At our 3/5 meeting, each member brought one existential question to share with the group.  Please respond to at least one question in the comments:

  • Erik: Day-day is so difficult, so how at the same time do you create a culture that is constructive for teachers and students?  As teachers, if we want to be professionals, how do we police ourselves?
  • Frank: Balancing double role of teacher with mentor/positive adult, multiplied when many students don't have a positive adult in their lives.  How much impact can I have as one person, and where should that impact be?
  • Kate B: Teaching as art vs. teaching as science...What can we learn from medicine: more standardized?  Should we share the "diagnosis leading to established procedure" plan? Do we need more clarity?  How do you teach about structural oppression in a way that still gives agency?
  • Michael: When does differentiation/scaffolding for seniors become self-defeating/too much? When do I give support and when do I not?
  • Andy: If not careful, I can spend my time fighting people above me, instead of best doing what I can for my students.  How can I shove the shit to the side and define my own agenda without becoming the angry teacher?
  • Christina: Thinking about impact outside of classroom.  I want to interact with adults, but feels uncomfortable talking to adults in my school about their practice and don't know my place.  How to balance humility vs. arrogance?

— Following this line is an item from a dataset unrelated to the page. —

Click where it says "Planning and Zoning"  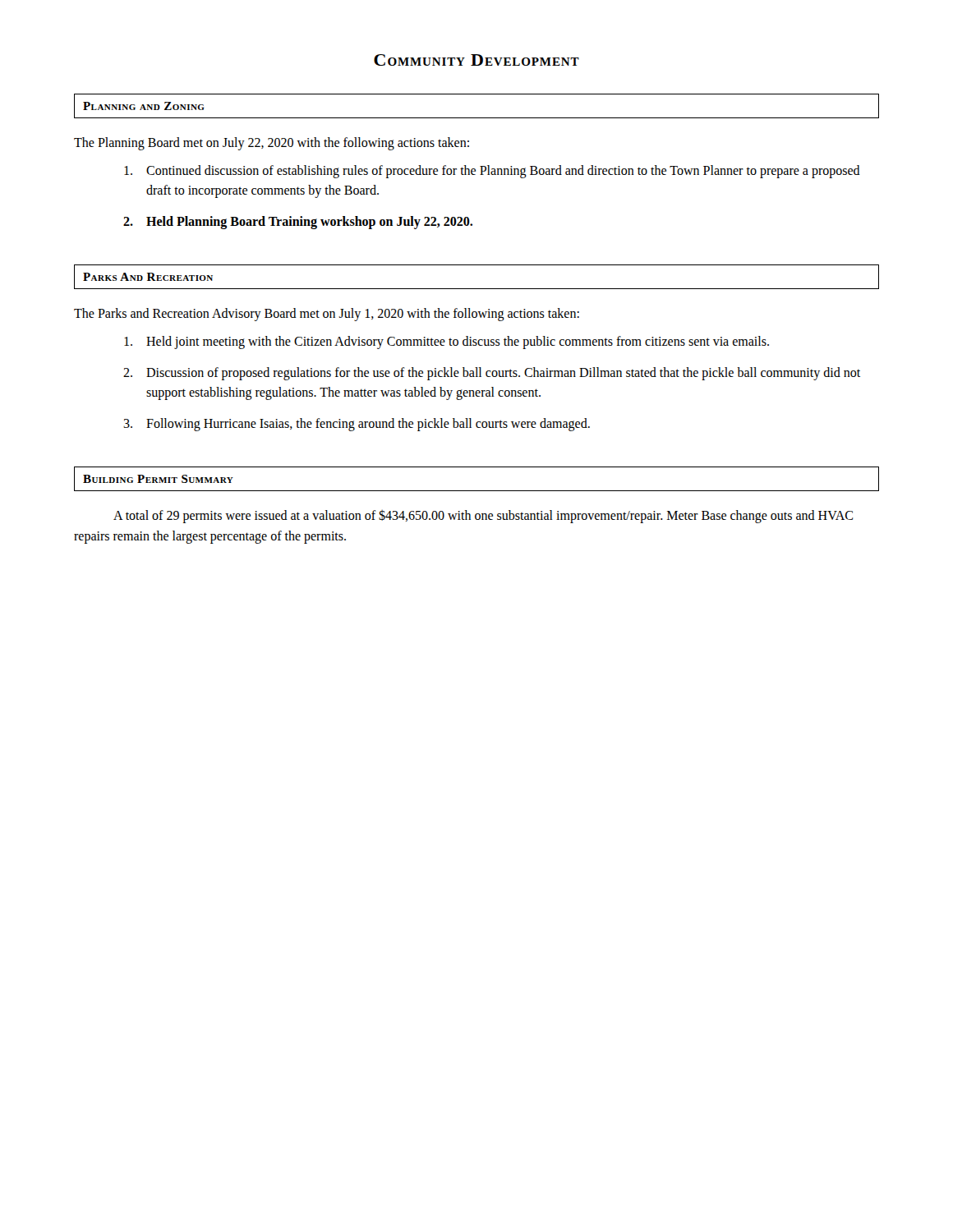(x=144, y=106)

  • Steve: How do I choose/balance between the following modes of praxis in a course where I’m not concerned with a massive amount of content for a state exam? 1) Teaching through inquiry, which best develops students’ ability to think critically and to learn how to learn. 2) Teaching through extensive reading, watching, and research to gain the necessary cultural literacy to enter adult society and assume the responsibilities of citizenship. 3) Teaching students to do authentic intellectual work (which often, but not always, is through Project Based Assessments)
  • Peter: Am I what I want to be?  Will I become a problem or the solution?  When do you let kids fail?  I can get students to learn any idea, but how do I get them to learn independently? Where will I be a problem?  Where will I be the solution?

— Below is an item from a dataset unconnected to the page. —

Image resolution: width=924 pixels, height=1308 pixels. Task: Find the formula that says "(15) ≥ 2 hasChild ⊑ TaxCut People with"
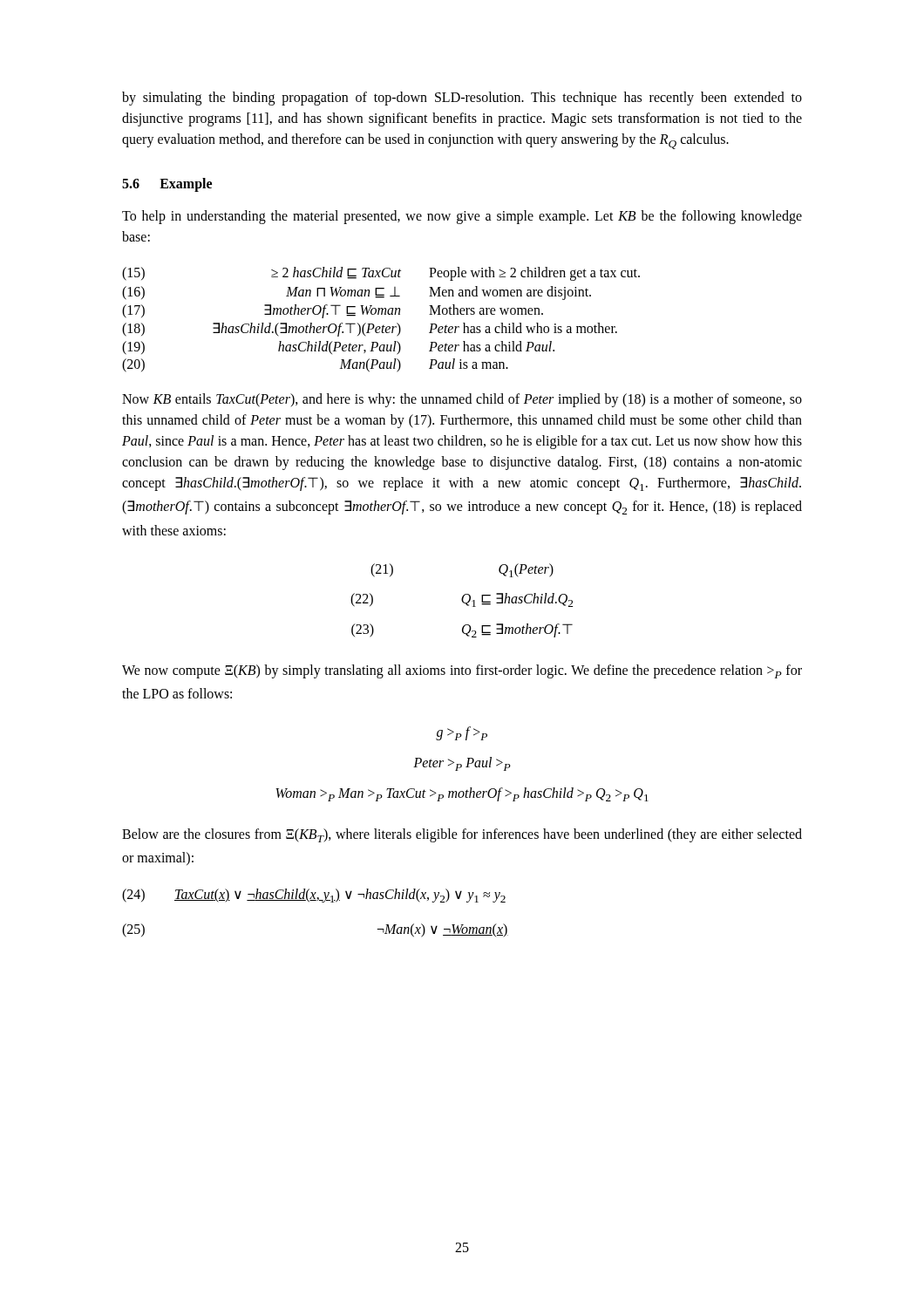[462, 318]

  • Kate W: I've switch from teaching chronologically to thematically.  Does this make a difference when my course ends in the Regents? I'm more engaged by this group than by teaching, what does it mean my role should be in the future?
(Sorry if my notes didn't capture everything that was said)

10 comments:

  1. @Erik - huge question and problem, especially given staff turnover. Lesson I've learned at Young Writers: less is more.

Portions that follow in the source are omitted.